Now reread the problems you know: LCS is diagonal-on-match, max-of-up-and-left otherwise. Unique paths is up + left. Edit distance is all three arrows with min and a cost. Coin change II is up + a left-jump of length coin on the same row. New problem, same routine: write the state sentence, draw a cell, name the arrows. The recurrence is the arrows; the code is the recurrence plus a fill order that respects them.

And the checklist from 1-D carries over wholesale: pin base cases (usually row 0 and column 0), pick a fill order where every arrow points at an already-filled cell, locate the answer (almost always the far corner — unless the state is "ending at", in which case scan for the max), and sanity-check a 3×3 table by hand before trusting any code.

Look back at every recurrence above: dp[i][...] reads only row i and row i-1. Never row i-2. So why store n+1 rows?

Keep two rows and swap:

prev = [0] * (m + 1)
for i in range(1, n + 1):
    cur = [0] * (m + 1)
    for j in range(1, m + 1):
        if a[i - 1] == b[j - 1]:
            cur[j] = prev[j - 1] + 1
        else:
            cur[j] = max(prev[j], cur[j - 1])
    prev = cur
return prev[m]

O(n·m) time still, but O(m) space — the same rolling-window squeeze as 1-D stairs, one dimension up. Often you can go further and use a single row updated in place; the catch is direction. cur[j - 1] (left) is the current row, fine; but if the recurrence needs the old dp[i-1][j-1] you must stash it in a temp before overwriting, or iterate j in the order that preserves what you still need.

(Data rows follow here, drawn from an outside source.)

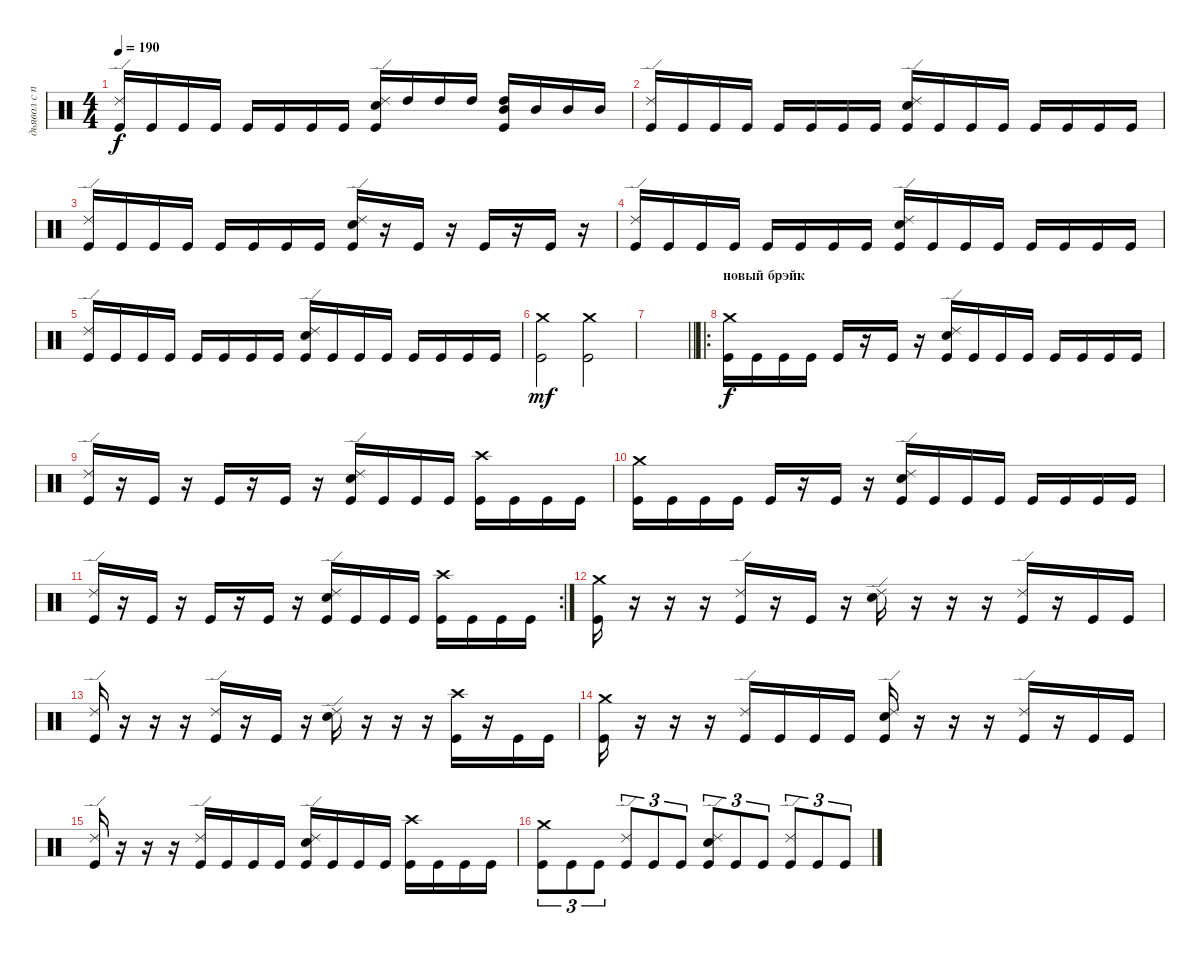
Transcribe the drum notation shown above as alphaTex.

\track ("дьявол с палками" "дьявол с п") {instrument percussion}
\staff {score}
\articulation defaults
\ts (4 4)
\tempo 190
\clef neutral
\ks c
("Kick (hit)" "Ride (edge) 2").16{dy f} "Kick (hit)".16 "Kick (hit)".16 "Kick (hit)".16 "Kick (hit)".16 "Kick (hit)".16 "Kick (hit)".16 "Kick (hit)".16 ("Kick (hit)" "Ride (edge) 2" "Snare (hit) 2").16 "High Tom (hit)".16 "High Tom (hit)".16 "High Tom (hit)".16 ("Kick (hit)" "High Tom (hit)" "Mid Tom (hit)").16 "Mid Tom (hit)".16 "Mid Tom (hit)".16 "Mid Tom (hit)".16 |
("Kick (hit)" "Ride (edge) 2").16 "Kick (hit)".16 "Kick (hit)".16 "Kick (hit)".16 "Kick (hit)".16 "Kick (hit)".16 "Kick (hit)".16 "Kick (hit)".16 ("Kick (hit)" "Ride (edge) 2" "Snare (hit) 2").16 "Kick (hit)".16 "Kick (hit)".16 "Kick (hit)".16 "Kick (hit)".16 "Kick (hit)".16 "Kick (hit)".16 "Kick (hit)".16 |
("Kick (hit)" "Ride (edge) 2").16 "Kick (hit)".16 "Kick (hit)".16 "Kick (hit)".16 "Kick (hit)".16 "Kick (hit)".16 "Kick (hit)".16 "Kick (hit)".16 ("Kick (hit)" "Ride (edge) 2" "Snare (hit) 2").16 r.16 "Kick (hit)".16 r.16 "Kick (hit)".16 r.16 "Kick (hit)".16 r.16 |
("Kick (hit)" "Ride (edge) 2").16 "Kick (hit)".16 "Kick (hit)".16 "Kick (hit)".16 "Kick (hit)".16 "Kick (hit)".16 "Kick (hit)".16 "Kick (hit)".16 ("Kick (hit)" "Ride (edge) 2" "Snare (hit) 2").16 "Kick (hit)".16 "Kick (hit)".16 "Kick (hit)".16 "Kick (hit)".16 "Kick (hit)".16 "Kick (hit)".16 "Kick (hit)".16 |
("Kick (hit)" "Ride (edge) 2").16 "Kick (hit)".16 "Kick (hit)".16 "Kick (hit)".16 "Kick (hit)".16 "Kick (hit)".16 "Kick (hit)".16 "Kick (hit)".16 ("Kick (hit)" "Ride (edge) 2" "Snare (hit) 2").16 "Kick (hit)".16 "Kick (hit)".16 "Kick (hit)".16 "Kick (hit)".16 "Kick (hit)".16 "Kick (hit)".16 "Kick (hit)".16 |
("Crash medium (hit)" "Kick (hit)").2{dy mf} ("Crash medium (hit)" "Kick (hit)").2 |
\barLineRight lightlight
|
\ro
\section ("" "новый брэйк")
("Kick (hit)" "Crash medium (hit)").16{dy f} "Kick (hit)".16 "Kick (hit)".16 "Kick (hit)".16 "Kick (hit)".16 r.16 "Kick (hit)".16 r.16 ("Kick (hit)" "Snare (hit) 2" "Ride (edge) 2").16 "Kick (hit)".16 "Kick (hit)".16 "Kick (hit)".16 "Kick (hit)".16 "Kick (hit)".16 "Kick (hit)".16 "Kick (hit)".16 |
("Kick (hit)" "Ride (edge) 2").16 r.16 "Kick (hit)".16 r.16 "Kick (hit)".16 r.16 "Kick (hit)".16 r.16 ("Kick (hit)" "Snare (hit) 2" "Ride (edge) 2").16 "Kick (hit)".16 "Kick (hit)".16 "Kick (hit)".16 ("Kick (hit)" "Crash high (hit)").16 "Kick (hit)".16 "Kick (hit)".16 "Kick (hit)".16 |
("Kick (hit)" "Crash medium (hit)").16 "Kick (hit)".16 "Kick (hit)".16 "Kick (hit)".16 "Kick (hit)".16 r.16 "Kick (hit)".16 r.16 ("Kick (hit)" "Snare (hit) 2" "Ride (edge) 2").16 "Kick (hit)".16 "Kick (hit)".16 "Kick (hit)".16 "Kick (hit)".16 "Kick (hit)".16 "Kick (hit)".16 "Kick (hit)".16 |
\rc 2
("Kick (hit)" "Ride (edge) 2").16 r.16 "Kick (hit)".16 r.16 "Kick (hit)".16 r.16 "Kick (hit)".16 r.16 ("Kick (hit)" "Snare (hit) 2" "Ride (edge) 2").16 "Kick (hit)".16 "Kick (hit)".16 "Kick (hit)".16 ("Kick (hit)" "Crash high (hit)").16 "Kick (hit)".16 "Kick (hit)".16 "Kick (hit)".16 |
("Kick (hit)" "Crash medium (hit)").16 r.16 r.16 r.16 ("Kick (hit)" "Ride (edge) 2").16 r.16 "Kick (hit)".16 r.16 ("Snare (hit) 2" "Ride (edge) 2").16 r.16 r.16 r.16 ("Kick (hit)" "Ride (edge) 2").16 r.16 "Kick (hit)".16 "Kick (hit)".16 |
("Kick (hit)" "Ride (edge) 2").16 r.16 r.16 r.16 ("Kick (hit)" "Ride (edge) 2").16 r.16 "Kick (hit)".16 r.16 ("Snare (hit) 2" "Ride (edge) 2").16 r.16 r.16 r.16 ("Kick (hit)" "Crash high (hit)").16 r.16 "Kick (hit)".16 "Kick (hit)".16 |
("Kick (hit)" "Crash medium (hit)").16 r.16 r.16 r.16 ("Kick (hit)" "Ride (edge) 2").16 "Kick (hit)".16 "Kick (hit)".16 "Kick (hit)".16 ("Snare (hit) 2" "Kick (hit)" "Ride (edge) 2").16 r.16 r.16 r.16 ("Kick (hit)" "Ride (edge) 2").16 r.16 "Kick (hit)".16 "Kick (hit)".16 |
("Kick (hit)" "Ride (edge) 2").16 r.16 r.16 r.16 ("Kick (hit)" "Ride (edge) 2").16 "Kick (hit)".16 "Kick (hit)".16 "Kick (hit)".16 ("Snare (hit) 2" "Kick (hit)" "Ride (edge) 2").16 "Kick (hit)".16 "Kick (hit)".16 "Kick (hit)".16 ("Kick (hit)" "Crash high (hit)").16 "Kick (hit)".16 "Kick (hit)".16 "Kick (hit)".16 |
("Kick (hit)" "Crash medium (hit)").8{tu (3 2)} "Kick (hit)".8{tu (3 2)} "Kick (hit)".8{tu (3 2)} ("Kick (hit)" "Ride (edge) 2").8{tu (3 2)} "Kick (hit)".8{tu (3 2)} "Kick (hit)".8{tu (3 2)} ("Kick (hit)" "Snare (hit) 2" "Ride (edge) 2").8{tu (3 2)} "Kick (hit)".8{tu (3 2)} "Kick (hit)".8{tu (3 2)} ("Kick (hit)" "Ride (edge) 2").8{tu (3 2)} "Kick (hit)".8{tu (3 2)} "Kick (hit)".8{tu (3 2)}

Unbounded knapsack wants left-to-right (reuse allowed, reading the new row is correct); 0/1 knapsack wants right-to-left (so the "take it" arrow still reads the previous row). Getting that direction wrong is the classic one-row bug — and explaining why the direction matters is the classic way to ace the follow-up.

One caveat before you compress: if the interviewer asks you to reconstruct the actual subsequence or path, you need the full table to walk backwards through. Optimize space only after confirming they just want the number.